When he was a talmid at Yeshivas Cho­chmei Lublin in Poland, Rav Wosner once accompanied the Rosh Yeshivah, Harav Meir Shapiro, zt”l, to visit a fellow talmid who was gravely ill and in great pain. Despite his dire straits, they found the bachur, inexplicably, in a happy and uplifted state of mind. The Rosh Yeshivah asked him the reason for his simchah. The bachur replied that he had been pondering why, given his poor health, he was still alive. He reminded himself of the Gemara in Maseches Shabbos 12b which says that the Shechinah rests above the head of a sick person, along with the explanation that a choleh’s function is to bring the Shechinah into the world. “That is a wonderful tafkid,” declared the bachur.
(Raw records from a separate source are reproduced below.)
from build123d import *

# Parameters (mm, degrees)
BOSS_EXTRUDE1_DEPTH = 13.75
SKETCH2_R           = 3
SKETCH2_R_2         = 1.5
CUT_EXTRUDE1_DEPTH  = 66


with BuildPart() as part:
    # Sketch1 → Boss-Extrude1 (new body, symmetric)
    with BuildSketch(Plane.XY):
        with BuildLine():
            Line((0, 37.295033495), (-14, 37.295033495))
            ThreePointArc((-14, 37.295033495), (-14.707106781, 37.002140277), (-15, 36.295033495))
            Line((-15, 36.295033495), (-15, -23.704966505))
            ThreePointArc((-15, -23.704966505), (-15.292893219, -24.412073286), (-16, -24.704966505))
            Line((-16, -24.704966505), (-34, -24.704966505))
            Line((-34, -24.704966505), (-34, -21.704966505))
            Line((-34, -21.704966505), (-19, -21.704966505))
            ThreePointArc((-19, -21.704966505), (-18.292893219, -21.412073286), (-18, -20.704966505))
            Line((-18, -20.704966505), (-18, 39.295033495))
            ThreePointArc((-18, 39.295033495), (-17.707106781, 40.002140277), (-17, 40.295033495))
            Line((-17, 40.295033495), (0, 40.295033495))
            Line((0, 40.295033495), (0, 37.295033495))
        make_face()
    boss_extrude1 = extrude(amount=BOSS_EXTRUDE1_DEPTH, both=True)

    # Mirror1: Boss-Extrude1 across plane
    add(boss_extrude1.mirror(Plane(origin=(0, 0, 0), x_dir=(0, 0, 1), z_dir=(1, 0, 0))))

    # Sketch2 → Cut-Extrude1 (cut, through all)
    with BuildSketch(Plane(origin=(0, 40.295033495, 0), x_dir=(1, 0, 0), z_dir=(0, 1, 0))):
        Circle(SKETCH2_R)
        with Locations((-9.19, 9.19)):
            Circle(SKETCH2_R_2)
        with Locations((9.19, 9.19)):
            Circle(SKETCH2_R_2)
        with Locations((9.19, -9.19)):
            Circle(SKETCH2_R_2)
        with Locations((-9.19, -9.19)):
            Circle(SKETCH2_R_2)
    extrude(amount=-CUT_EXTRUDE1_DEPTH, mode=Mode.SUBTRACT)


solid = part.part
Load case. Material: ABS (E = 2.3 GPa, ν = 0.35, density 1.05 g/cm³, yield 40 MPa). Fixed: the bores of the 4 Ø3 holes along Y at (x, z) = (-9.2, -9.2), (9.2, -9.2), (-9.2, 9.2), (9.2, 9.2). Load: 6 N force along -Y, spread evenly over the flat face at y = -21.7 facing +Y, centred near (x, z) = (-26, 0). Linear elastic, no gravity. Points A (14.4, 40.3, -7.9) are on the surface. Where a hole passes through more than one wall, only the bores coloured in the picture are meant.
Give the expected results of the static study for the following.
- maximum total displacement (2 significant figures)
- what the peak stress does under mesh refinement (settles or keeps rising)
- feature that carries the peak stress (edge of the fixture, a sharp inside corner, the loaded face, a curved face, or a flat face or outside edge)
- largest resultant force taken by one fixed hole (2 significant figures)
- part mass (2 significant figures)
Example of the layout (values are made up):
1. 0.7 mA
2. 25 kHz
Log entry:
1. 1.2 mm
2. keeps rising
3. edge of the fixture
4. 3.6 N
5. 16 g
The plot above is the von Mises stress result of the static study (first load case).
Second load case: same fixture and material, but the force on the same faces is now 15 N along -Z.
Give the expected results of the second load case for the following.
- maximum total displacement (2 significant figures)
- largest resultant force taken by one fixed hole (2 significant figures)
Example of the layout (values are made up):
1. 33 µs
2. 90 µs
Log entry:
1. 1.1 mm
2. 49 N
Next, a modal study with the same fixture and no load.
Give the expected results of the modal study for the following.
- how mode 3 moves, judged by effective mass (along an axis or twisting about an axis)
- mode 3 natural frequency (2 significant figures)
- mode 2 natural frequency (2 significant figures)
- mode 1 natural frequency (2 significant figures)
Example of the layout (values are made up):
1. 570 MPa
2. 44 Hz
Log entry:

He then cited another Gemara in Shabbos (30b) that says the Shechinah does not come to rest upon a person in a state of sadness. “Therefore, I try mightily not to be sad, since that will drive away the Shechinah. By being sad, I would be undermining my tafkid to bring the Shechinah. That is why you see me bsimchah. I constantly contemplate that, by doing so, I am maintain­ing the presence of the Shechinah here.”

Rav Meir Shapiro was awed that his talmid in such circumstances should think up this explication and commented to Rav Wosner that it was worthy of being shared with future generations.

Interestingly, the letters of the word b’simchah — with joy — when transposed, spell machshavah — thought. The message is that how we think helps to determine our level of joy.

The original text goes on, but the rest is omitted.